Science >> Wetenschap >  >> Geologie

Wat zijn bodems met natte klimaat?

Bodems nat klimaat:een definitie en verkenning

"Wetklimaat bodems" is geen formeel erkende term in de bodemwetenschap. Het is echter een nuttige manier om bodems te beschrijven die vaak verzadigd zijn met water Vanwege hoge regenval, slechte drainage of beide.

Hier is een uitsplitsing van wat deze bodems en hun implicaties kenmerkt:

Kenmerken:

* Hoog watergehalte: Deze bodems zijn vaak met water doordrenkt, met een verzadigingsniveau van langere periodes van meer dan 50%.

* Lage zuurstofniveaus: Water vult de ruimtes waar lucht normaal zou zijn, waardoor anaërobe omstandigheden ontstaan.

* Verminderde microbiële activiteit: Veel gunstige microben worstelen in zuurstofarme omgevingen, die invloed hebben op ontleding en voedingsstoffen.

* accumulatie van ijzer en mangaan: Bij afwezigheid van zuurstof worden ijzer en mangaan oplosbaar en kunnen ze zich ophopen in de grond, wat leidt tot kleurveranderingen (grijsachtig, blauwachtig of roodachtig).

* verzuring: Bodems met nat klimaat worden vaak zuurder vanwege de afbraak van organische stof onder anaërobe omstandigheden.

* Aanwezigheid van specifieke mineralen: Deze bodems kunnen accumulaties hebben van specifieke mineralen zoals turf, klei of ijzeroxiden, afhankelijk van hun locatie en oudermateriaal.

Implicaties:

* Beperkte plantengroei: Veel planten worstelen om te gedijen in met water doorzochte, zuurstof-deficiënte bodems.

* Verminderde wortelontwikkeling: Wortels hebben zuurstof nodig om te groeien en te functioneren, zodat bodems met nat klimaat de ontwikkeling van wortels kunnen belemmeren.

* Verhoogde uitloging van voedingsstoffen: Overmatig water kan voedingsstoffen weg van de wortelzone dragen, waardoor de groei van planten wordt belemmerd.

* Structurele afbraak: Constante verzadiging kan leiden tot bodemverdichting en verminderde beluchting.

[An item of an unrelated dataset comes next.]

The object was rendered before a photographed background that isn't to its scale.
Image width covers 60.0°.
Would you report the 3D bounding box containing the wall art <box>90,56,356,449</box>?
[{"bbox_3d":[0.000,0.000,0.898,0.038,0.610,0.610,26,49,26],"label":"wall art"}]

* Verhoogde broeikasgasemissies: Anaërobe omstandigheden dragen bij aan de afgifte van methaan en stikstofoxide, broeikasgassen die bijdragen aan klimaatverandering.

Voorbeelden:

* histosols (veenbodems): Deze bodems worden gevormd in met water doorzochte omgevingen en bevatten een grote hoeveelheid gedeeltelijk vervallen organische stof. Ze zijn gebruikelijk in moerassen en moerassen.

* vertisols (kleipronden): Deze bodems hebben een hoog kleigehalte en breiden uit wanneer nat, krimpend en barsten wanneer droog. Ze worden vaak gevonden in natte, tropische klimaten.

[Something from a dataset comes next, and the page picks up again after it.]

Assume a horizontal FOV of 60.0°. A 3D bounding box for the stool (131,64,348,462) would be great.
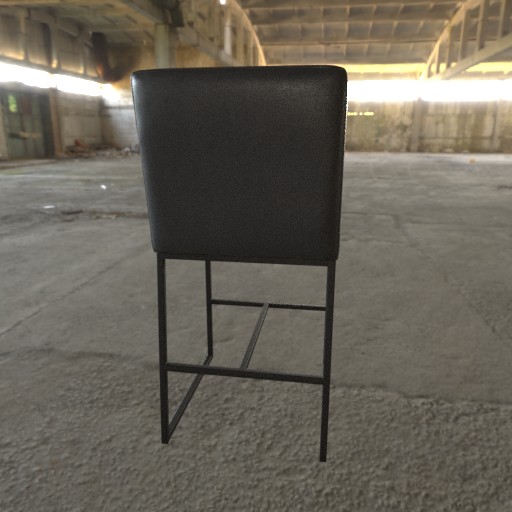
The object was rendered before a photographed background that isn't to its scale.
[{"bbox_3d":[0.000,0.000,1.255,0.457,0.938,0.552,3,16,9],"label":"stool"}]

* Inceptisols: Deze bodems hebben een relatief jong profiel en worden vaak gevonden in gebieden met seizoensgebonden natte periodes.

management:

* afvoersystemen: Het installeren van afvoersystemen kan de bodembeluchting verbeteren en wateroverlast verminderen.

* verhoogde bedden: Groeiende planten in verhoogde bedden kunnen helpen om de afwatering en beluchting te verbeteren.

* Wijzigingen van organische materie: Het toevoegen van organische stof aan de bodem kan de structuur en het waterhoudende capaciteit verbeteren.

* Watertolerante soorten planten: Het kiezen van plantensoorten die zijn aangepast aan natte omstandigheden is essentieel voor een succesvolle teelt.

In het algemeen is het begrijpen van de kenmerken en uitdagingen van bodems met nat klimaat cruciaal voor succesvolle landbouw, bosbouw en landbeheer in vochtige omgevingen.